Repeat, word for word, each of the records shown below, without their pictures.

=== Begin Enclosure ===

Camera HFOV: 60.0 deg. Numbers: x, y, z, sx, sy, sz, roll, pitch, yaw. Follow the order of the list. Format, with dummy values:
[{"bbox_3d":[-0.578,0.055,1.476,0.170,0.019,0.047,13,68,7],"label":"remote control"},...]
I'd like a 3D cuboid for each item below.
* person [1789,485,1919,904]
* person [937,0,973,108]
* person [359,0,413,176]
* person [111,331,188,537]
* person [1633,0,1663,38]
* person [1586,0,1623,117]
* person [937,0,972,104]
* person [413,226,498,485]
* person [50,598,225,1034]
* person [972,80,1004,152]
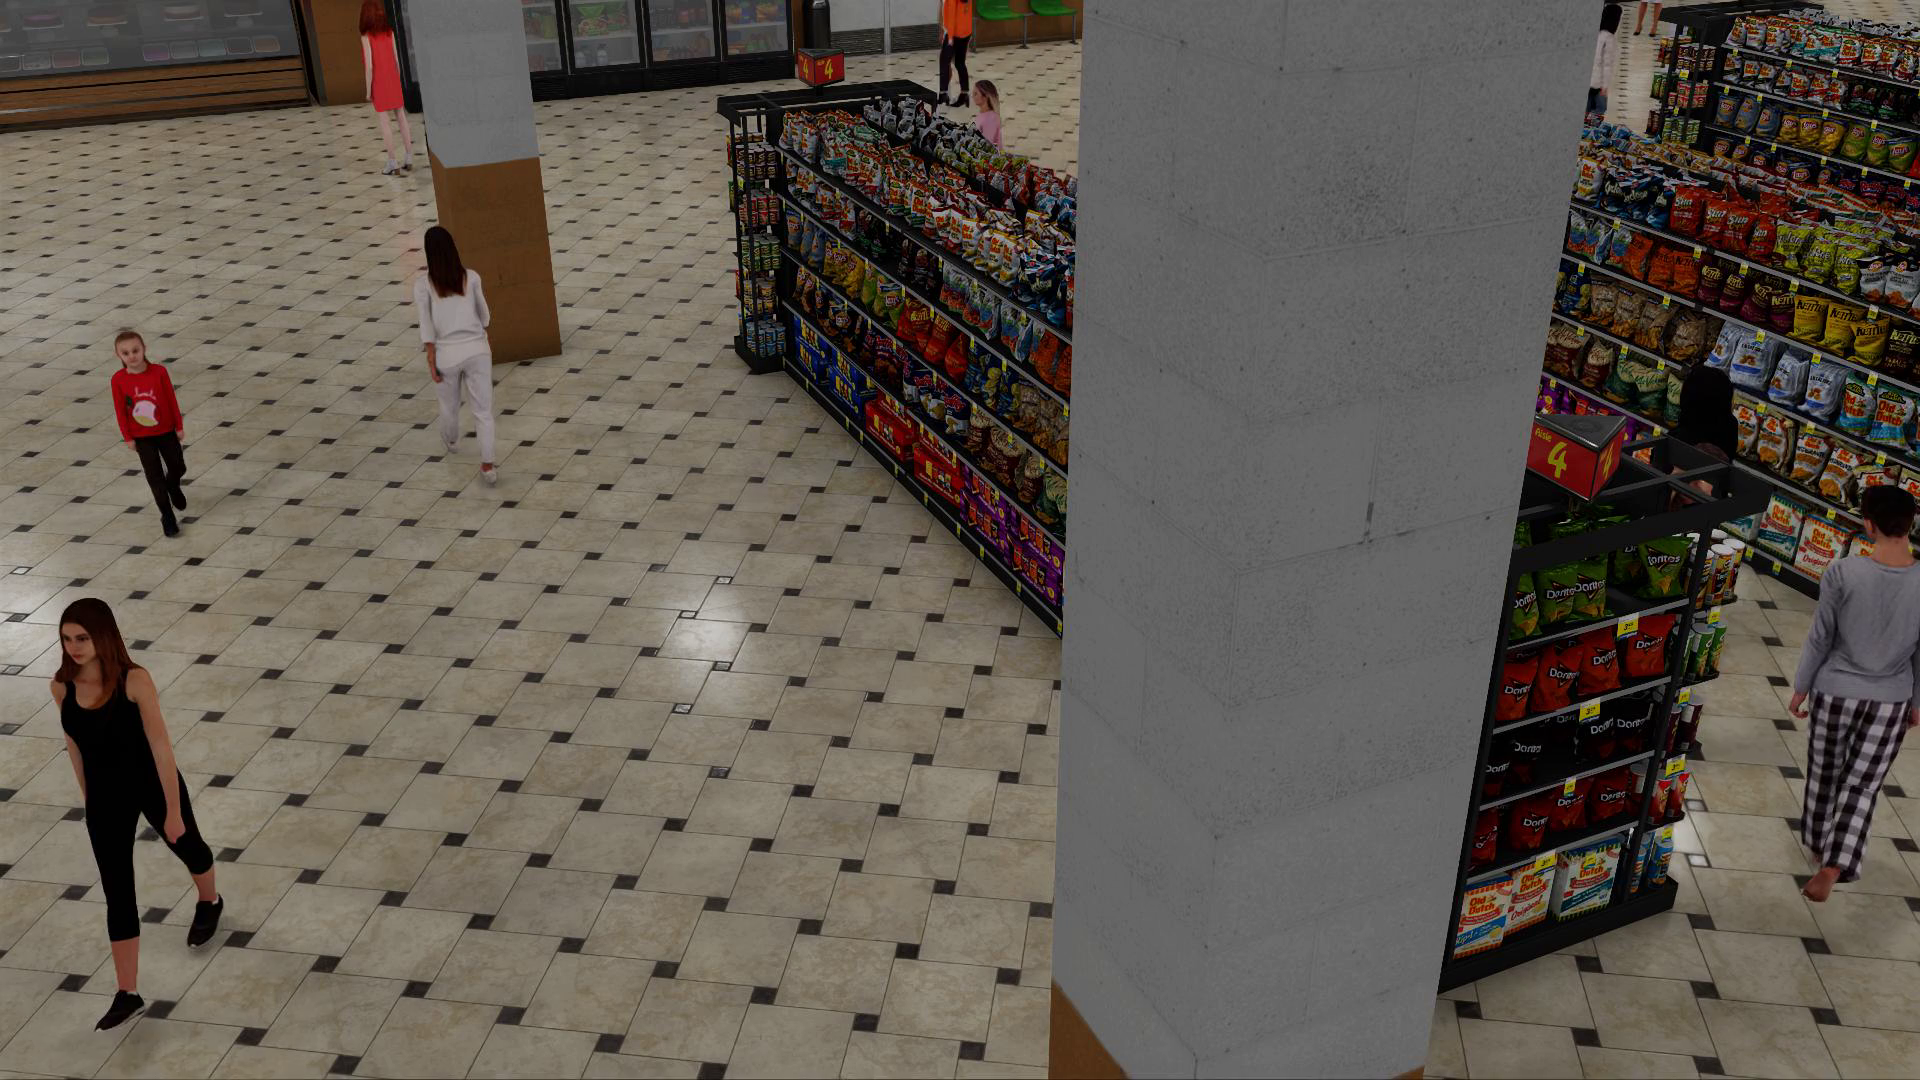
[{"bbox_3d":[3.713,0.692,6.873,1.032,1.810,1.068,12,29,23],"label":"person"},{"bbox_3d":[0.053,-6.247,20.655,0.871,1.720,0.820,10,28,18],"label":"person"},{"bbox_3d":[-6.132,-4.836,17.755,0.680,1.827,0.672,17,31,30],"label":"person"},{"bbox_3d":[-4.937,-0.676,10.165,0.548,1.272,0.712,-16,31,-29],"label":"person"},{"bbox_3d":[10.492,-8.503,25.074,0.615,1.748,0.707,16,31,28],"label":"person"},{"bbox_3d":[7.030,-5.130,18.556,0.779,1.626,0.782,-6,27,-11],"label":"person"},{"bbox_3d":[0.014,-6.356,20.837,0.848,1.750,0.756,-24,35,-39],"label":"person"},{"bbox_3d":[-3.179,-1.148,10.682,0.618,1.647,1.020,-12,29,-23],"label":"person"},{"bbox_3d":[-3.157,0.961,6.482,0.913,1.684,1.187,0,27,-1],"label":"person"},{"bbox_3d":[0.341,-3.224,14.745,0.720,1.674,0.601,-5,27,-11],"label":"person"}]

=== End Enclosure ===

Solved problem:
Camera HFOV: 60.0 deg. Numbers: x, y, z, sx, sy, sz, roll, pitch, yaw. Follow the order of the list. Format, with dummy values:
[{"bbox_3d":[-0.578,0.055,1.476,0.170,0.019,0.047,13,68,7],"label":"remote control"},...]
I'd like a 3D cuboid for each item below.
* person [1789,485,1919,904]
* person [937,0,973,108]
* person [359,0,413,176]
* person [111,331,188,537]
* person [1633,0,1663,38]
* person [1586,0,1623,117]
* person [937,0,972,104]
* person [413,226,498,485]
* person [50,598,225,1034]
* person [972,80,1004,152]
[{"bbox_3d":[3.713,0.692,6.873,1.032,1.810,1.068,12,29,23],"label":"person"},{"bbox_3d":[0.053,-6.247,20.655,0.871,1.720,0.820,10,28,18],"label":"person"},{"bbox_3d":[-6.132,-4.836,17.755,0.680,1.827,0.672,17,31,30],"label":"person"},{"bbox_3d":[-4.937,-0.676,10.165,0.548,1.272,0.712,-16,31,-29],"label":"person"},{"bbox_3d":[10.492,-8.503,25.074,0.615,1.748,0.707,16,31,28],"label":"person"},{"bbox_3d":[7.030,-5.130,18.556,0.779,1.626,0.782,-6,27,-11],"label":"person"},{"bbox_3d":[0.014,-6.356,20.837,0.848,1.750,0.756,-24,35,-39],"label":"person"},{"bbox_3d":[-3.179,-1.148,10.682,0.618,1.647,1.020,-12,29,-23],"label":"person"},{"bbox_3d":[-3.157,0.961,6.482,0.913,1.684,1.187,0,27,-1],"label":"person"},{"bbox_3d":[0.341,-3.224,14.745,0.720,1.674,0.601,-5,27,-11],"label":"person"}]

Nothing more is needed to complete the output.